Днем без Батани меня кормила Таня в комнате Бафени. Именно тогда началась у меня дружба с дедой, до этого как-то на нее не было времени, и я мало бывала у них в комнате. Вечером мы обедали с Батаней, потом обычно приходила Рая. Входя, она говорила: "Тетя Таня, можно с вами поболтать?" - и оставалась надолго, часто уходила, когда я была в постели. Больше всего она "болтала" про свой роман. Батаня говорила: "Да, сложный у тебя роман, и лучше бы его не было, потому что у тебя бессмысленно идут годы". Но она не ругала Раю, а вроде как вместе с ней переживала. Наверное, именно поэтому Рая приходила по вечерам к нам, а не "болтала" с Бафеней и дедой. Ведь Бафеня (я сама это не раз слышала) говорила про этот роман: "Он форменный мерзавец, мерзавец". А это было самое ругательное слово и у нее, и у Батани.

Роман звали Георгий Александрович (я вдруг засомневалась в отчестве) Ржанов. Раньше, когда мы жили "сумасшедшим домом", папа говорил про него: "Ты, Раиса, давай кончай эту муру, или хочешь, я ему морду набью? " Я никогда не видела, чтобы папа "бил морду", но он был высокий и казался мне сильней всех вокруг, так что эта угроза, наверное, была серьезной.
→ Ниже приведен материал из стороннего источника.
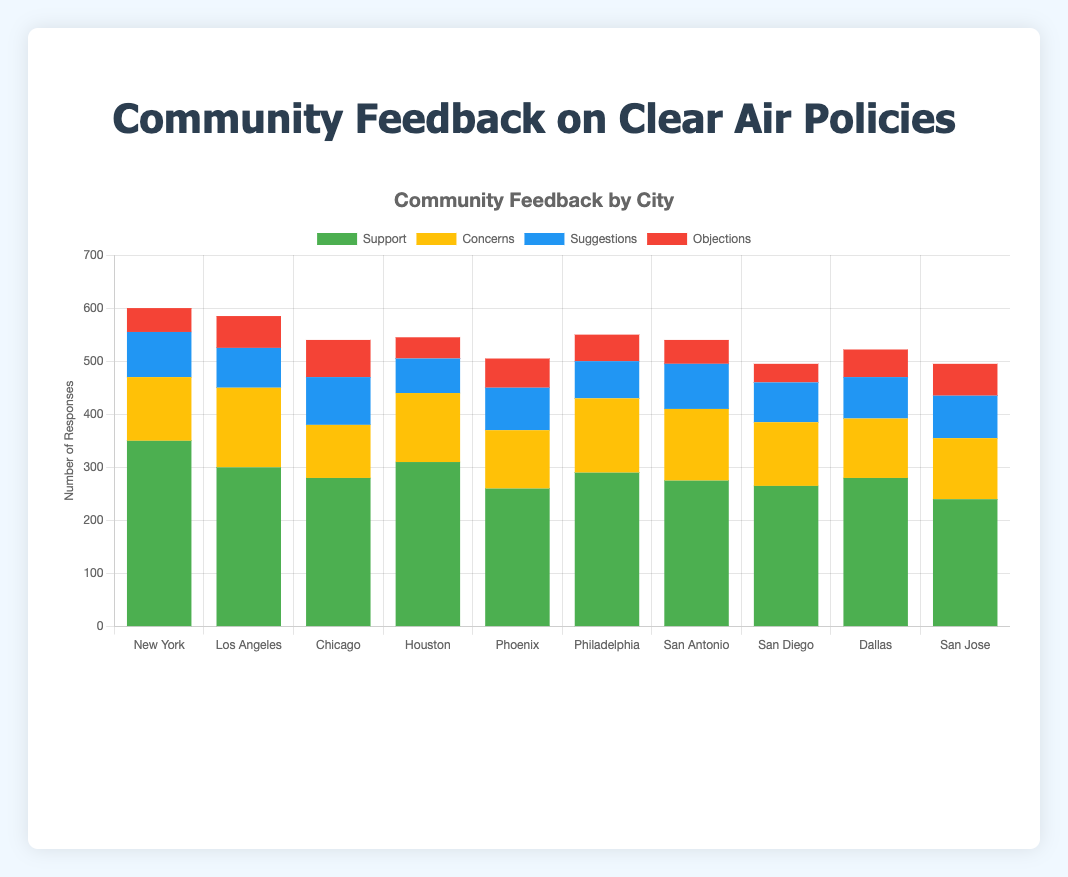What's the total number of supports across all cities? Sum the 'Support' values for each city: 350 + 300 + 280 + 310 + 260 + 290 + 275 + 265 + 280 + 240 = 2850
Answer: 2850 Which city has the highest number of objections? Compare the 'Objections' values for all cities: New York (45), Los Angeles (60), Chicago (70), Houston (40), Phoenix (55), Philadelphia (50), San Antonio (45), San Diego (35), Dallas (52), San Jose (60). Chicago has the highest with 70.
Answer: Chicago What is the combined total of suggestions and objections for San Diego? Add the 'Suggestions' and 'Objections' values for San Diego: 75 + 35 = 110
Answer: 110 Which city has the lowest number of concerns? Compare the 'Concerns' values for all cities: New York (120), Los Angeles (150), Chicago (100), Houston (130), Phoenix (110), Philadelphia (140), San Antonio (135), San Diego (120), Dallas (112), San Jose (115). Chicago has the lowest with 100.
Answer: Chicago How many more suggestions does Chicago have compared to Houston? Subtract Houston's 'Suggestions' from Chicago's 'Suggestions': 90 - 65 = 25
Answer: 25 What is the average number of supports for the top three cities with the highest support rates? Identify the top three cities with the highest supports: New York (350), Houston (310), Los Angeles (300). Calculate the average: (350 + 310 + 300) / 3 = 320
Answer: 320 Which city has the second-highest combined total of concerns and objections? First, calculate the combined total for concerns and objections for each city: 
- New York: 120 + 45 = 165
- Los Angeles: 150 + 60 = 210
- Chicago: 100 + 70 = 170
- Houston: 130 + 40 = 170
- Phoenix: 110 + 55 = 165
- Philadelphia: 140 + 50 = 190
- San Antonio: 135 + 45 = 180
- San Diego: 120 + 35 = 155
- Dallas: 112 + 52 = 164
- San Jose: 115 + 60 = 175
Los Angeles has the highest (210), followed by San Jose (175).
Answer: San Jose 
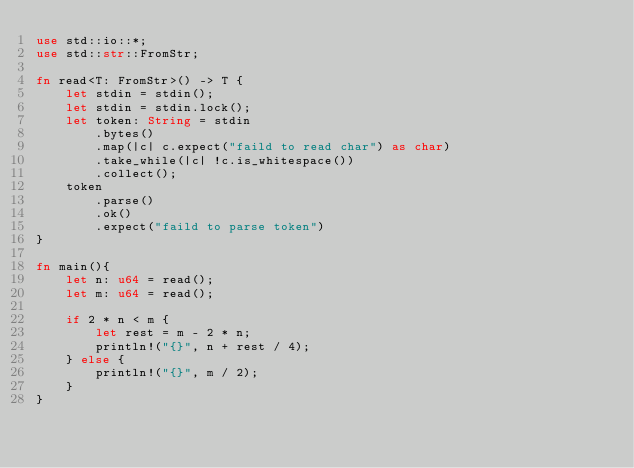Convert code to text. <code><loc_0><loc_0><loc_500><loc_500><_Rust_>use std::io::*;
use std::str::FromStr;

fn read<T: FromStr>() -> T {
    let stdin = stdin();
    let stdin = stdin.lock();
    let token: String = stdin
        .bytes()
        .map(|c| c.expect("faild to read char") as char)
        .take_while(|c| !c.is_whitespace())
        .collect();
    token
        .parse()
        .ok()
        .expect("faild to parse token")
}

fn main(){
    let n: u64 = read();
    let m: u64 = read();

    if 2 * n < m {
        let rest = m - 2 * n;
        println!("{}", n + rest / 4);
    } else {
        println!("{}", m / 2);
    }
}
</code> 
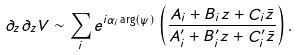Convert formula to latex. <formula><loc_0><loc_0><loc_500><loc_500>\partial _ { z } \partial _ { z } V \sim \sum _ { i } e ^ { i \alpha _ { i } \arg ( \psi ) } \left ( \frac { A _ { i } + B _ { i } z + C _ { i } { \bar { z } } } { A ^ { \prime } _ { i } + B ^ { \prime } _ { i } z + C ^ { \prime } _ { i } { \bar { z } } } \right ) .</formula> 
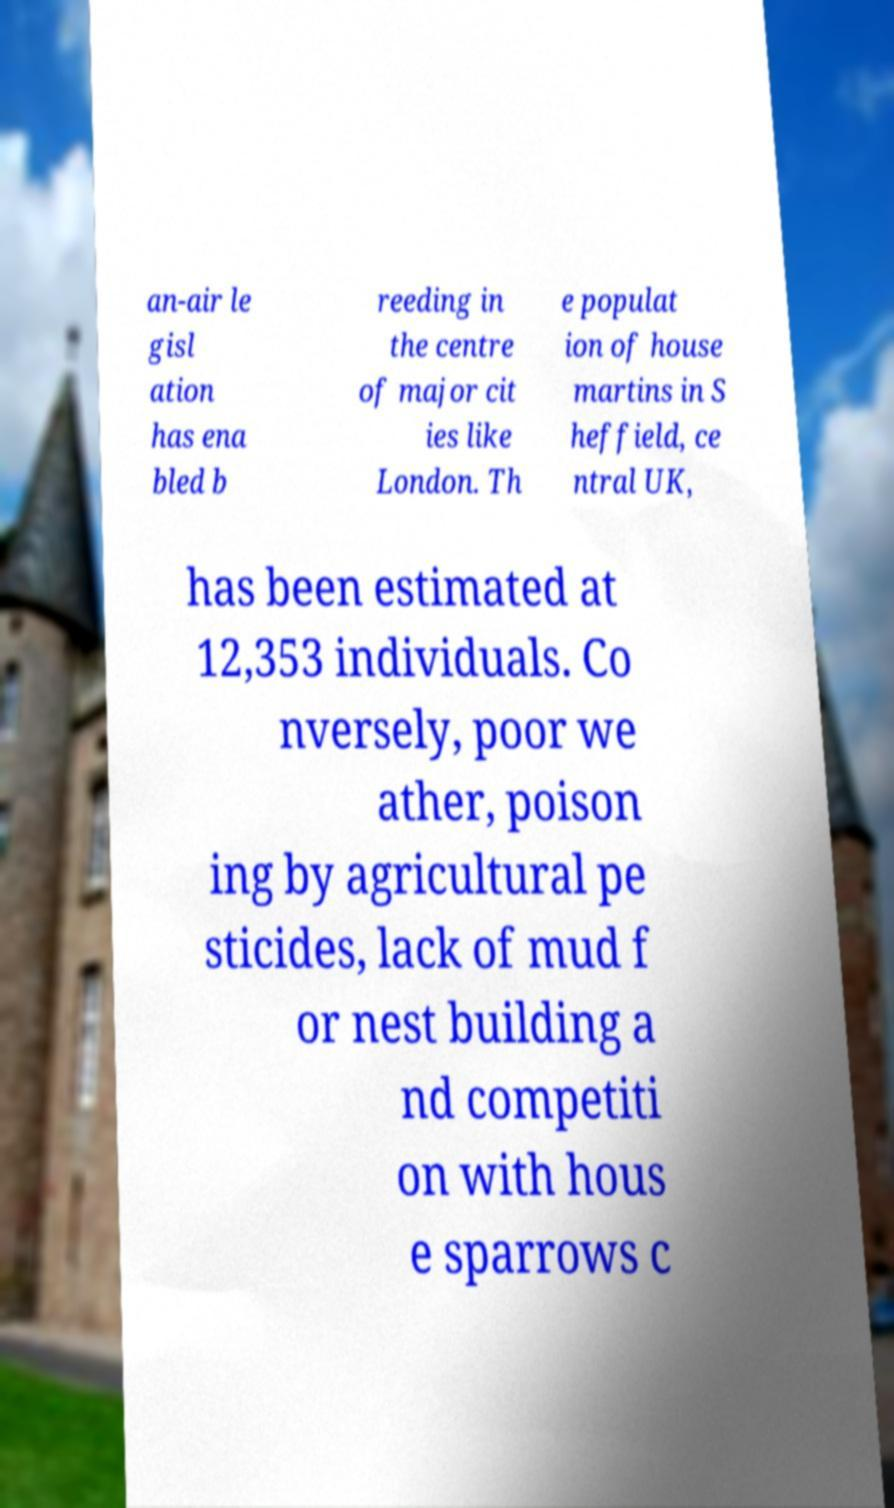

Роман был долгий, еще с Раиных студенческих лет, а она поступила в университет почти девочкой, в 16 лет. Из-за этого романа она уехала из Иркутска в Ленинград, потому что он (Ржанов) сюда переехал. У него была семья, и поэтому, наверное, бабушки его и называли "мерзавец". Я сомневаюсь, что Рая все еще любила его в те годы, когда приходила "поболтать", потому что я два-три раза, гуляя с ней по воскресеньям, видела Ржанова, когда мы заходили в "Квиссиану" (так тогда называли будущий "Норд", а теперешний "Север"). Он был большой, полноватый, с пышными седыми волосами, в костюме с галстуком. Чем-то он походил на "бывших" и казался "барином", но "бывшим" не был, а был каким-то главным в каком-то издательстве. Мне он не нравился манерой говорить со мной с улыбочкой, снисходительно-презрительно, но еще больше тем, что он так же говорил с Раинькой, и я видела, что Рая его боится. Я знала, что когда-то раньше он был "меньшевик" (они тоже были "партийные", но не наши, а другие) и жил у Бафени в ее "меблирашках с пансионом" (выражение Батани), потому что был сослан в Иркутск. Я считала, что это тогда еще девочкой Раинька стала его бояться, но почему она продолжает это делать теперь - не понимала.